In some cases, practical artists have turned their attention to daguerreotyping, and their pictures have been superior, in their general effect, to others, although in the chemical effect they might have been far less successful. Among the early experimenters, were some artists and many practical chemists, each excelling in his way, as might have been expected; and a comparison of their productions show that the excellences of the two are required for complete success. But succeeding operators, in most cases, have caught but a smattering of each—a little artistic taste, and a little chemical science and expertness of manipulation; and so we have a multitude of picture makers, of different degrees of skill and taste,—some of them highly respectable, but few indeed who produce such effects as might reasonably be expected from the combination of talent which we have suggested.

But if art is thus required to direct the labors of the Photographer, art itself may receive most useful service in return. We are informed that English artists now go about in the fields with the portable camera and calotype paper, instead of the sketchbook formerly carried; and that such objects as they meet with suitable for materials for their pictures, they seize by this easy and quick process. And it is found to be of great use. The effect of the moment is secured in all its parts; there is no chance for the shadows and lights to change so that the parts may become discordant or out of keeping, as often unavoidably happens in making drawings from landscape. And so in regard to draperies. The stiff artificial log figure, on which drapery never looks natural, is now less used; but the living model sits with the costume required, and all the folds are taken at the same moment, in perfect congruity with each other. From such materials the artist obtains true outlines, true masses of shade and light, and upon this basis the finish is easily given direct from the natural objects.
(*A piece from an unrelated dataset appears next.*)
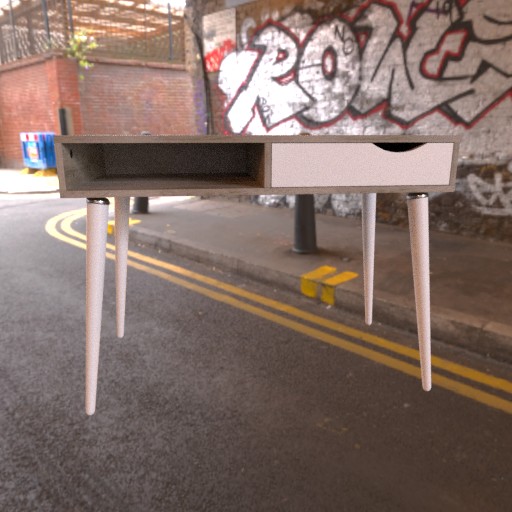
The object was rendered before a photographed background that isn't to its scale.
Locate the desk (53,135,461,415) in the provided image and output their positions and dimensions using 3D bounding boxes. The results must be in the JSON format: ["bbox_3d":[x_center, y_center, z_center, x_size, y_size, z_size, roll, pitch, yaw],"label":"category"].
[{"bbox_3d":[0.000,0.000,1.375,0.979,0.723,0.491,-2,15,-7],"label":"desk"}]

But artists, as we have said, cannot spare the time necessary to acquire expertness in preparing successfully the delicate and difficult operations of the Photographer. They want the work to be done for them. In London they buy their paper ready prepared, which they take into the fields, and having there exposed it in the camera, they leave the development of the picture to skillful assistants; and the facility for doing this is an advantage which will probably induce artists to prefer the calotype to the daguerreotype. The photographic paper may be kept for some time without injury; but the daguerreotype plate must be prepared for use, and the developing process performed, nearly at the time of the process in the camera.* With proper Photography, there may be a distinct business, consisting of the preparation of the paper for the camera, and the developing and finishing processes, carried on by good chemical manipulators; while artists, in their own studios, or in the woods and fields, perform the part which pertains to themselves,—the camera operations,—at such times as may suit their convenience.
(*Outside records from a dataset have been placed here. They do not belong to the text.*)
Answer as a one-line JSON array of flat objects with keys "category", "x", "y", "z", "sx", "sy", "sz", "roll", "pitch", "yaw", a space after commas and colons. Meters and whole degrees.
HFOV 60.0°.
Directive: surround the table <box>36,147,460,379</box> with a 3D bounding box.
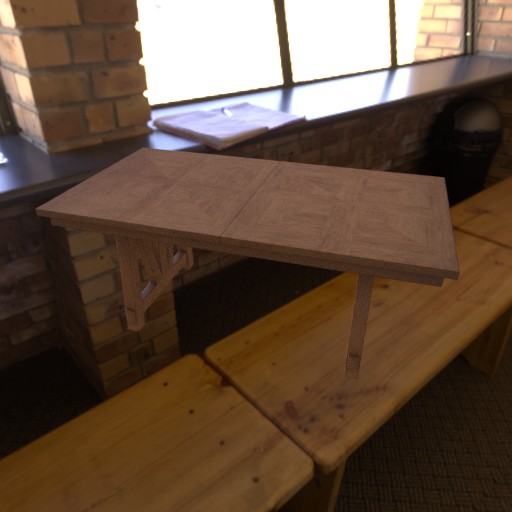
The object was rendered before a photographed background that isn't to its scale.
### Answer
[{"category": "table", "x": 0.000, "y": 0.000, "z": 2.480, "sx": 1.881, "sy": 0.768, "sz": 1.016, "roll": 9, "pitch": 32, "yaw": 15}]

As to the patent right which restricts the use of the paper processes, we think it applies only to Talbot's. Other preparations, by Hunt, Hemkel, and others, are free; and though they may be somewhat less sensitive, yet, for most uses, they are sufficiently sensitive, and the pictures produced by them are as good as Talbot's. Here, then, is a fair opening for those who can acquire the skill to prepare photographic paper, and perform the other processes of the art. With a small stock of good paper and chemicals, and with a few cameras to let, we think they could easily induce artists to try what advantages they might derive from such an aid.

 

* This is a slight mistake. We have known plates that have been coated three months to take the impression of an image as perfect as if just coated, and in a much shorter time than usual with the same sensitive. Mr. Claudet, of London, has remarked the same circumstance.—ED.